On the other side of the Veil, the motion of the barrier between the worlds was nothing more than the ebb of the energy that filled the plane.
Taesas materialized back into the physical plane as her wave of force crashed into the back wall again, cracking stone and sending dust clouding down from the ceiling of the church as the building trembled to hold together.
He quickened his gait, pushing forward into an attack, drawing his blade up to strike.
Vell stepped backward out of the reach of the first strike, but he continued to press her, bringing a second that she only narrowly avoided. As the third strike came, a cross-slash back across her body came, she tried to pull up the Veil around her as a barrier to defend. But, as before, his spirit blade sheared the energy in two as if it had never existed at all, the edge of his magical sword cutting across her exposed forearm and leaving a streak of blood as she recoiled.
She pushed her magic down, not to attack, only to shove herself back, her feet sliding across the stones of the church floor nearly to the large table set at the back of the hall. Her hands raised, palms forward as she fired weak bursts of fire toward him.
Taesas watched the approached bolts of fire, raising his sword and striking them from the air, deflecting them to the sides before slashing the last of them in twain until the flame fizzled out.
What could she really hope to do against him in this state? She had no weapon to defend herself. No armor. He had neutralized her most powerful magic, rendering it utterly useless against him. All that remained was her more orthodox spells. Even at full strength, her fire was at worst a middling threat to him.
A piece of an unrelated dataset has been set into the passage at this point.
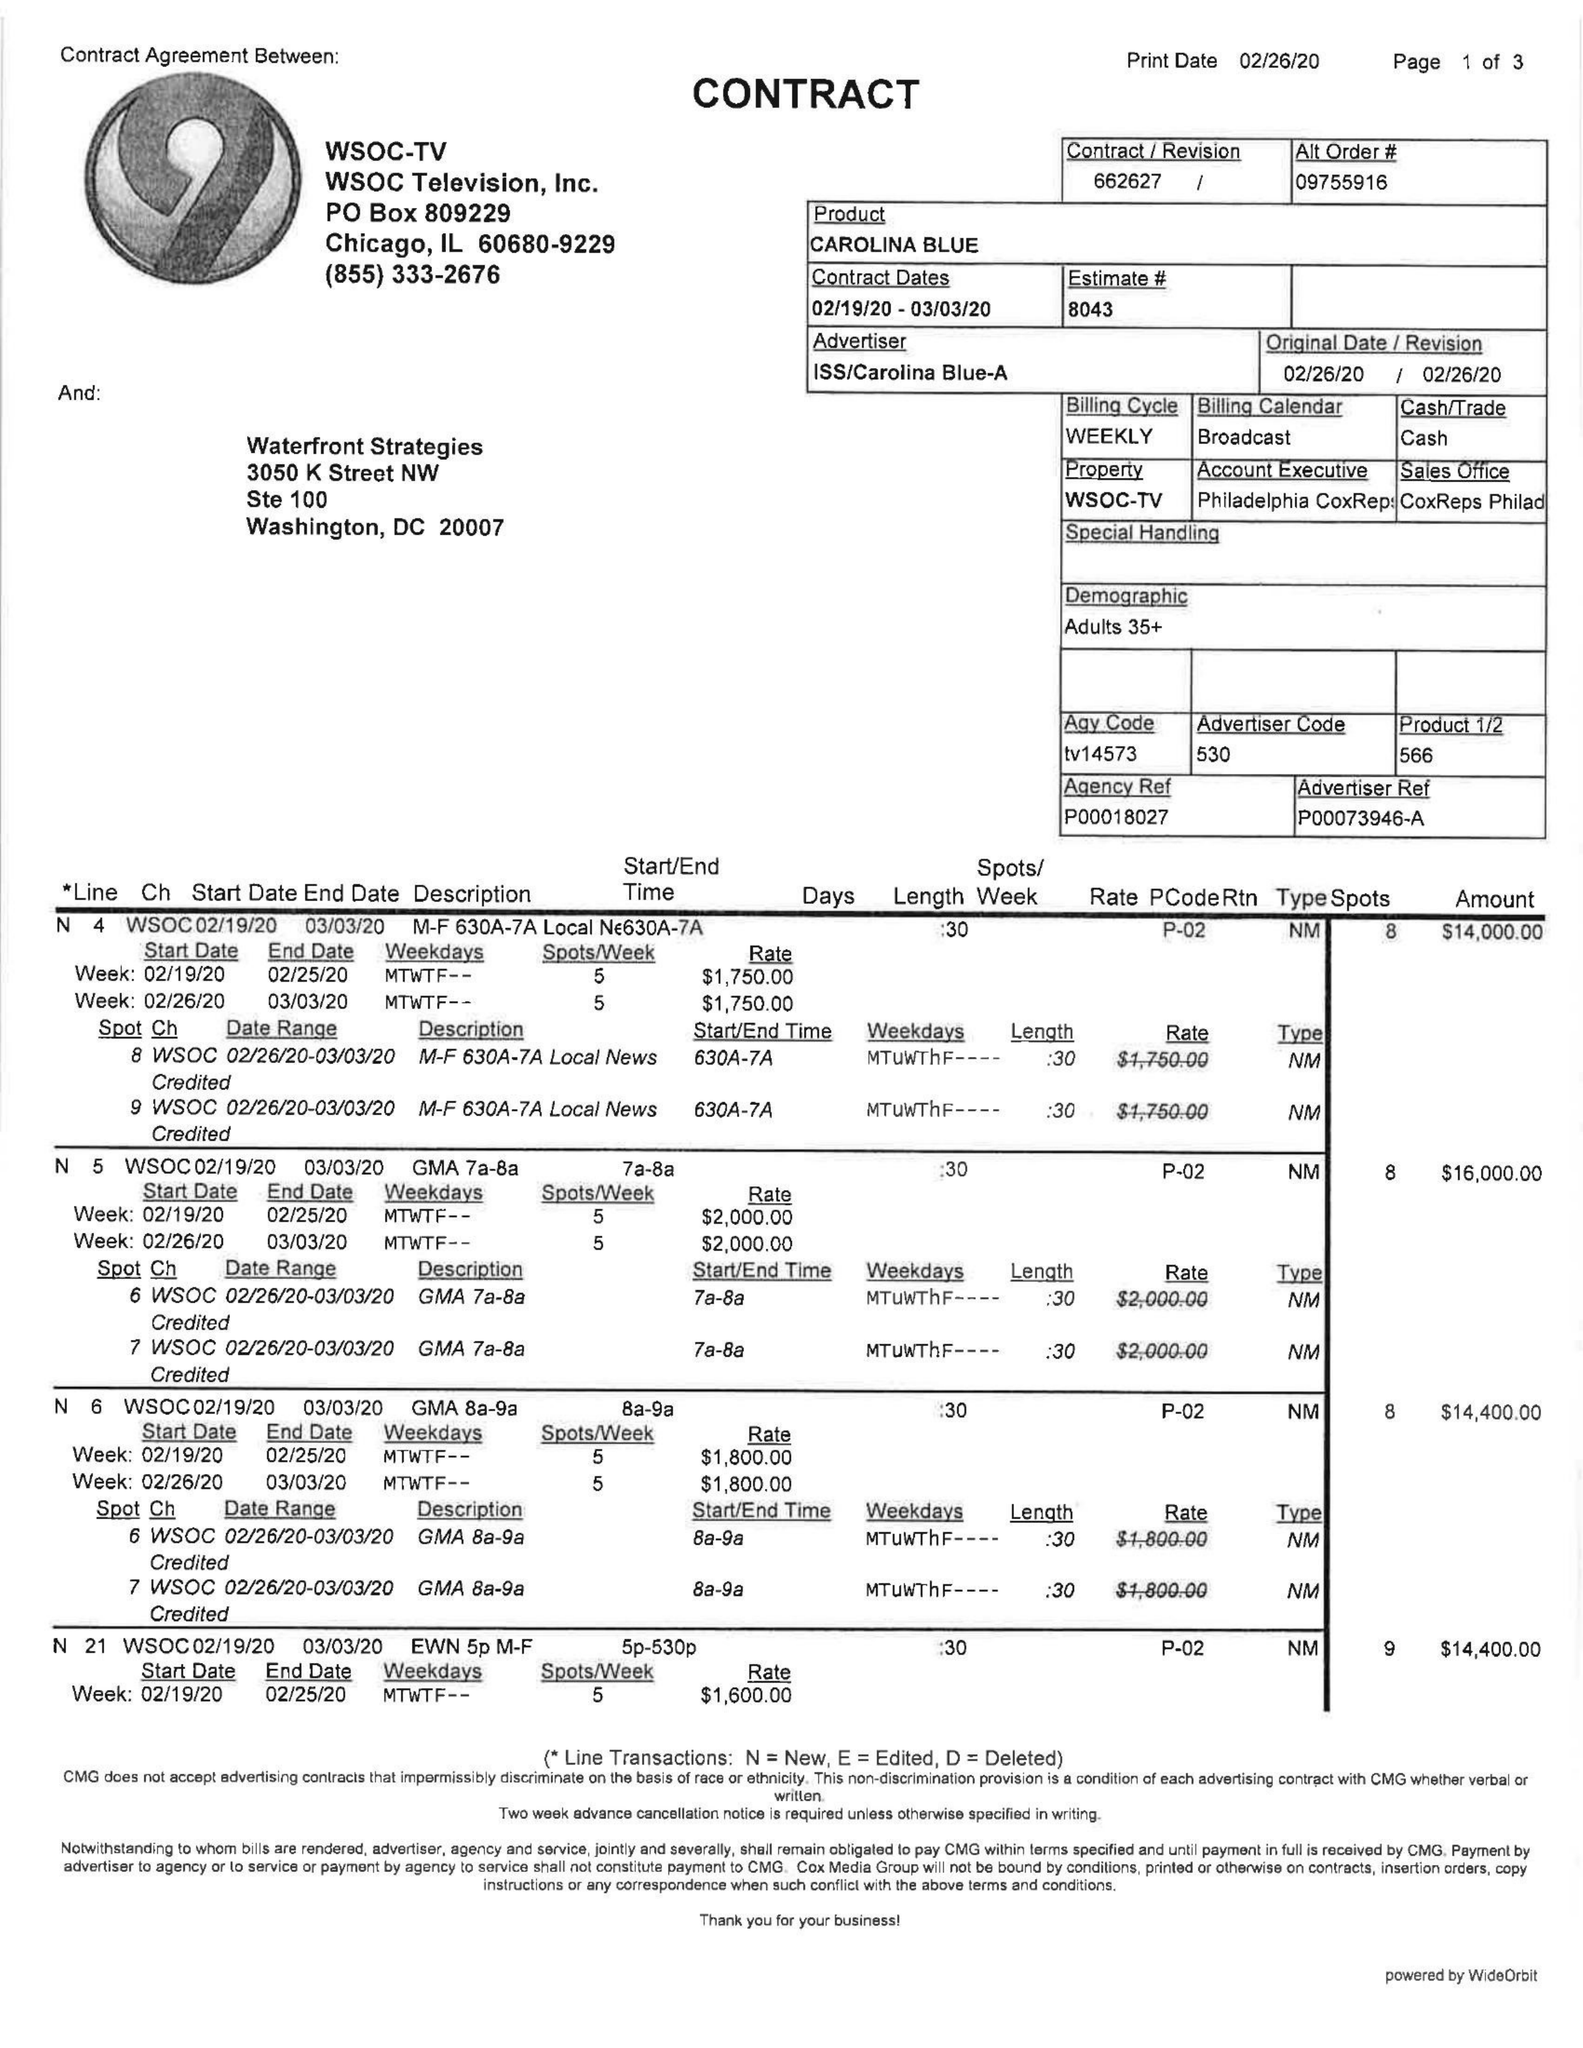What is the value for the advertiser?
Answer the question using a single word or phrase. ISS/CAROLINABLUE-A

But now, battered, exhausted and scared, there was nothing she could conjure that he could not overcome.
He pressed the attack again with the spirit blade at his side, pushing her step after step back. She dodged what she could, but unable to erect any type of barrier to repel his strikes and with no weapon to parry, he continued to paint superficial slashes upon limbs and torso too slow to escape the honed edge.
She twirled to her left, spraying a wave of fire wildly from her hands in a desperate effort to buy purchase. In the moment, he saw his final opening as he turned his shoulder and charged through the weak flames.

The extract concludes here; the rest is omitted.